# Have a question about grading my lawn



## Kberg84 (May 20, 2020)

I'm in the process of contacting and getting quotes from companies to have my yard graded. A project I would love to attempt but with so much on my plate as it is, I would never find the time. My question is….a company mentioned using tractor/bobcat and stripping off the top layer and continually working the pile "before too long it becomes mostly dirt". Would going that route set me up for a weed infestation after I've laid the sod? Grass is currently salad bar. Should I go out and hit it a couple times with glyphosate prior him coming out or would it be ok to go with what he's saying? Any input would be greatly appreciated.


----------



## ALPHA (Aug 25, 2021)

What are you re-grading for? Low spots, drainage, mow height? I've got areas that that need to be re-graded too, some I can scrape a bit off and move, others need a little dirt or sand brought in to fill in. What you are trying to accomplish dictates what a contractor need to do to help achieve the end result you desire.

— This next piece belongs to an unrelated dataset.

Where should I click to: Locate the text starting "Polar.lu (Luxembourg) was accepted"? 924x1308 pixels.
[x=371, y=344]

I would spray off the dirt before it's worked to make it easier on the crews machinery, and hopefully in turn cheaper for you. But where you really want to focus on herbicide is after it's graded. A couple apps of herbicide afterwards to ensure that weeds don't pop up in your new lawn.


----------



## Kberg84 (May 20, 2020)

ALPHA said:


> What are you re-grading for? Low spots, drainage, mow height? I've got areas that that need to be re-graded too, some I can scrape a bit off and move, others need a little dirt or sand brought in to fill in. What you are trying to accomplish dictates what a contractor need to do to help achieve the end result you desire.
> 
> I would spray off the dirt before it's worked to make it easier on the crews machinery, and hopefully in turn cheaper for you. But where you really want to focus on herbicide is after it's graded. A couple apps of herbicide afterwards to ensure that weeds don't pop up in your new lawn.

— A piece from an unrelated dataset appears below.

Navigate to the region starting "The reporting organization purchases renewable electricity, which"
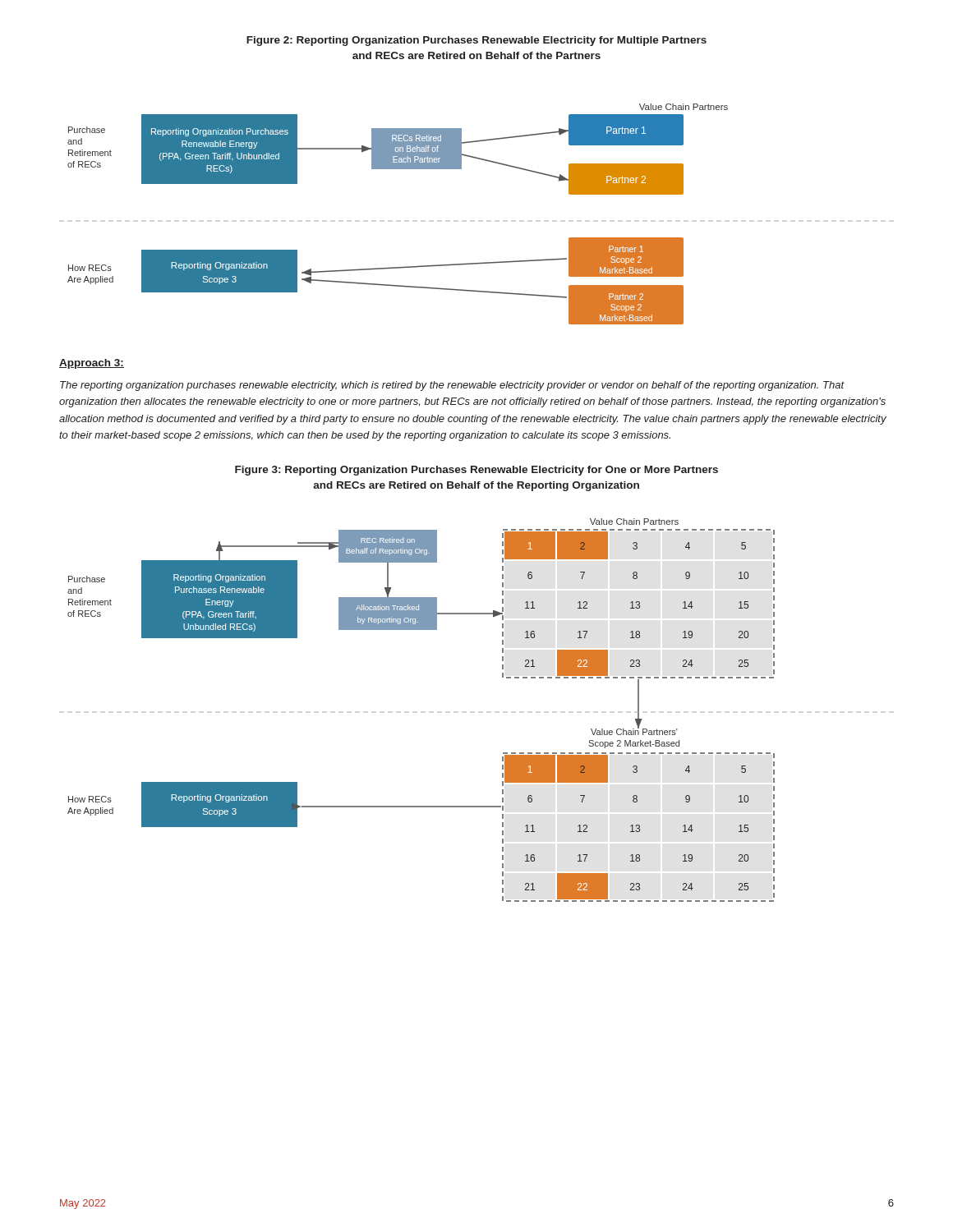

It's an older home that was built in 1984. Previous owners didn't worry too much about landscape and it shows. Some areas along driveway are a good 10"-12" above driveway as well as throughout yard. The backyard is an overall mess. Sprained ankles waiting to happen and I have two dogs and two kids under 3. 
Spraying it all out before having them come out if I do decide to go with this particular company is something I considered doing. Just concerned that scraping top layer of grass off and mixing it all together rather than completely removing it will cause issues down the road in regards to weed seeds.


----------



## bernstem (Jan 16, 2018)

Spray with glyphosate before they come. I wouldn't worry too much about weeds with what they are planning as I don't think it will be any different than just scraping off the grass and discarding. As a bonus for mixing the dead grass into the soil, it is a bit of free organic matter and won't cause any issues. There won't be enough that it will cause settling. I would ask them to do final lawn grade with a Harley Rake if they have one as it will pull debris out of the soil and leave a perfect bed for seeding/sodding.


----------



## Lust4Lawn (Aug 4, 2020)

I have some detail in a reno for mazama in my signature. I killed everything off before the Harley rake showed up. I would have loved to have just another everything out with the Harley rake but I needed to bring in soil to get the grade I needed.

If you decide to bring in soil, be sure to fallow to get any garbage out before moving forward.


----------